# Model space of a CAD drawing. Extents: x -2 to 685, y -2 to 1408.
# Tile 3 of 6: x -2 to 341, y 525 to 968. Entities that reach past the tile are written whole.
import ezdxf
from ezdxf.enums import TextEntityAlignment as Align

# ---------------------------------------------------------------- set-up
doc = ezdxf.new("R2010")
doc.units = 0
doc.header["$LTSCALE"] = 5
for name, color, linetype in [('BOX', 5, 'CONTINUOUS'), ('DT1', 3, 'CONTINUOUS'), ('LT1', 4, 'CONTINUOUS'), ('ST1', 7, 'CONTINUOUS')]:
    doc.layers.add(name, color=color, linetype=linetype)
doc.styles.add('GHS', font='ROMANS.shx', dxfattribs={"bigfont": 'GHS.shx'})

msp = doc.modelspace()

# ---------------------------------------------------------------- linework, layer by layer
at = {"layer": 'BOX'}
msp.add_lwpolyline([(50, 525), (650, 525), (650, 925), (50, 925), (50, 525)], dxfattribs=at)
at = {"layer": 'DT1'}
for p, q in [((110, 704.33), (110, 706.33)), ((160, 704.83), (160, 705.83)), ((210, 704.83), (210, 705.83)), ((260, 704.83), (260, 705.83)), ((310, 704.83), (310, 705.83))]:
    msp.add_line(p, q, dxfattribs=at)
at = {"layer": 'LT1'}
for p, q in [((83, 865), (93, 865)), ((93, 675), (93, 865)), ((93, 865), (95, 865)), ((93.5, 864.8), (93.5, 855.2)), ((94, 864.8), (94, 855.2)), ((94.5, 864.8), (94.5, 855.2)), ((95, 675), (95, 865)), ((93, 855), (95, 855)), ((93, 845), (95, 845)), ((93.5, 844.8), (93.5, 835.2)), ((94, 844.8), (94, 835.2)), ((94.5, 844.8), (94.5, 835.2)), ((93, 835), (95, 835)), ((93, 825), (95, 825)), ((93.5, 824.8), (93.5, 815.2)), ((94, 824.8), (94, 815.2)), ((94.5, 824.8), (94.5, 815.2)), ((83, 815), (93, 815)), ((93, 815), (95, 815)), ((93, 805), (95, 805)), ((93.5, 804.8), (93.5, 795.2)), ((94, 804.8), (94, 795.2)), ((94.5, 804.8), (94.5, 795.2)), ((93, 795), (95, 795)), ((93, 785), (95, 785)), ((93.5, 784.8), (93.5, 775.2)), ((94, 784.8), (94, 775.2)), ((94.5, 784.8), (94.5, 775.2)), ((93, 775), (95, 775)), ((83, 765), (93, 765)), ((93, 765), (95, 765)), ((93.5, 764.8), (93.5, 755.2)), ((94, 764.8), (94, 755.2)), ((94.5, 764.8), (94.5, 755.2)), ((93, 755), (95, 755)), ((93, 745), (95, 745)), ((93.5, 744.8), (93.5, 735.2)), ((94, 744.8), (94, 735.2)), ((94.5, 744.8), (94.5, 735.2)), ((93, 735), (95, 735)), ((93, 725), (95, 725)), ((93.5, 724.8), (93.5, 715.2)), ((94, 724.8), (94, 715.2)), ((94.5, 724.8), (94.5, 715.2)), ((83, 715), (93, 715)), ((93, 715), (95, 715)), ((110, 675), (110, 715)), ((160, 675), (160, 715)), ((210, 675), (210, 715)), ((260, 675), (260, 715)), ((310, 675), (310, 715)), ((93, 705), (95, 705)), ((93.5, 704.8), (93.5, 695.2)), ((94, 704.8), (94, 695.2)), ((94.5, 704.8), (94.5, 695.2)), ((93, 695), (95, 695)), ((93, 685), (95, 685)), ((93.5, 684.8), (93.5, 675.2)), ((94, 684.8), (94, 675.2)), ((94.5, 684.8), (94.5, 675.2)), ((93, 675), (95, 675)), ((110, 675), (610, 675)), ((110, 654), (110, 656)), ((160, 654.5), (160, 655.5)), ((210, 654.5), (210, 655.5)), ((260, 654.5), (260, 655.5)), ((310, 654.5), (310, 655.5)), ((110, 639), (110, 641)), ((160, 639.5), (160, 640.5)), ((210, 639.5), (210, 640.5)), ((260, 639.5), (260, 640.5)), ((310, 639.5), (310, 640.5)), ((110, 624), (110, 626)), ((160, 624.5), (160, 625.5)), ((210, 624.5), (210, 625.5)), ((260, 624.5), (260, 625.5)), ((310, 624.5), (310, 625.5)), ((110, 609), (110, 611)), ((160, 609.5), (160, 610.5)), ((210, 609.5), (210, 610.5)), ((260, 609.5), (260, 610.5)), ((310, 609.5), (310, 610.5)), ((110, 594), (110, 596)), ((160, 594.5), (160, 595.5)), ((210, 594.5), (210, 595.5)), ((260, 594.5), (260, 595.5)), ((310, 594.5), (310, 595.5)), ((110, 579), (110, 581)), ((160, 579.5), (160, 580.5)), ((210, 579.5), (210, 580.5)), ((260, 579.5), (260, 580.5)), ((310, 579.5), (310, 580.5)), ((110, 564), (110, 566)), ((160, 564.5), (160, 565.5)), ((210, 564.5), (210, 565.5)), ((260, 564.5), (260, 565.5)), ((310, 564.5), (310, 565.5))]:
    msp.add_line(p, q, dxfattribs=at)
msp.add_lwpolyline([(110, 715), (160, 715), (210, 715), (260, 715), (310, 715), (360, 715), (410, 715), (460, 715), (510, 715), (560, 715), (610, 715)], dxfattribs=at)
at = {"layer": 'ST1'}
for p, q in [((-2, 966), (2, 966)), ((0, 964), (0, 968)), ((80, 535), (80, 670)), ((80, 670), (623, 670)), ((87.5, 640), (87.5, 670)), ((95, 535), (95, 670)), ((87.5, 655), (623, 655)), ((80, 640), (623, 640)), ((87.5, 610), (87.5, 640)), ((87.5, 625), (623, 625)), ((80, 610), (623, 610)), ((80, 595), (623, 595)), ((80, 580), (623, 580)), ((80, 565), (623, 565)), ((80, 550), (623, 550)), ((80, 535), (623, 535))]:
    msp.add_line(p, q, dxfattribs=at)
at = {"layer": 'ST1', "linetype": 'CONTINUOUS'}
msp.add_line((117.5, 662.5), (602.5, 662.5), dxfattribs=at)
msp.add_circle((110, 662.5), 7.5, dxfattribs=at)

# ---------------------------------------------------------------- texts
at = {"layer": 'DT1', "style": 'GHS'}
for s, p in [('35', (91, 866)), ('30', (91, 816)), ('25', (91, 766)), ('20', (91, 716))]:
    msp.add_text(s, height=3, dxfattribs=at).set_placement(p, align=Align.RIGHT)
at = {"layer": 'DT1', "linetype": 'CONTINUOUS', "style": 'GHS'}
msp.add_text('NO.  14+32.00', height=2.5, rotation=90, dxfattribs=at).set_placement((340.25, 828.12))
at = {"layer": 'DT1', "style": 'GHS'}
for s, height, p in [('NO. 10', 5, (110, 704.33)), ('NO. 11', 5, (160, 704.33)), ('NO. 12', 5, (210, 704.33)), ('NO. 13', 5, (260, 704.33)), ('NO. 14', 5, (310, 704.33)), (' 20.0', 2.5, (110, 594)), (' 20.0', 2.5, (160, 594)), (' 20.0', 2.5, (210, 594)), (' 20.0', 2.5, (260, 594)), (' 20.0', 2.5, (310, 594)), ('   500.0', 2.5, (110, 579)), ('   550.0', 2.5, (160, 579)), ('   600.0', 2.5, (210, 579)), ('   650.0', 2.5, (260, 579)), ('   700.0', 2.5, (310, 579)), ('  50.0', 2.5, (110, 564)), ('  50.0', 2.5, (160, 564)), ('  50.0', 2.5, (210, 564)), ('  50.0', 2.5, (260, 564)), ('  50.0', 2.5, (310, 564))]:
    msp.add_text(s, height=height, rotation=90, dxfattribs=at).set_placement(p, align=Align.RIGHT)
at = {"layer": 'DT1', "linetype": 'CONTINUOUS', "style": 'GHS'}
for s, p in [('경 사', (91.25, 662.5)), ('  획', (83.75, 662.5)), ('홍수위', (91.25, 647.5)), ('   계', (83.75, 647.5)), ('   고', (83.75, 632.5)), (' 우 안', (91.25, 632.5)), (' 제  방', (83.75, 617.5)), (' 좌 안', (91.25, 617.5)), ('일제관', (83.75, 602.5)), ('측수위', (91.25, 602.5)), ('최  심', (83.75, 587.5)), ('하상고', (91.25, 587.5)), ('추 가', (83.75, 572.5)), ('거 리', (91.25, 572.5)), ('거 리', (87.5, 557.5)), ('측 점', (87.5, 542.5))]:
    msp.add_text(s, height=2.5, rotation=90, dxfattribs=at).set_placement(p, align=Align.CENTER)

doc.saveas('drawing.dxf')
════════════════════
Task to carry out: Give back exactly the lines of the listing above, starting with its first line and ending with the line that holds "for name, color, linetype".

Result:
# Model space of a CAD drawing. Extents: x -2 to 685, y -2 to 1408.
# Tile 3 of 6: x -2 to 341, y 525 to 968. Entities that reach past the tile are written whole.
import ezdxf
from ezdxf.enums import TextEntityAlignment as Align

# ---------------------------------------------------------------- set-up
doc = ezdxf.new("R2010")
doc.units = 0
doc.header["$LTSCALE"] = 5
for name, color, linetype in [('BOX', 5, 'CONTINUOUS'), ('DT1', 3, 'CONTINUOUS'), ('LT1', 4, 'CONTINUOUS'), ('ST1', 7, 'CONTINUOUS')]:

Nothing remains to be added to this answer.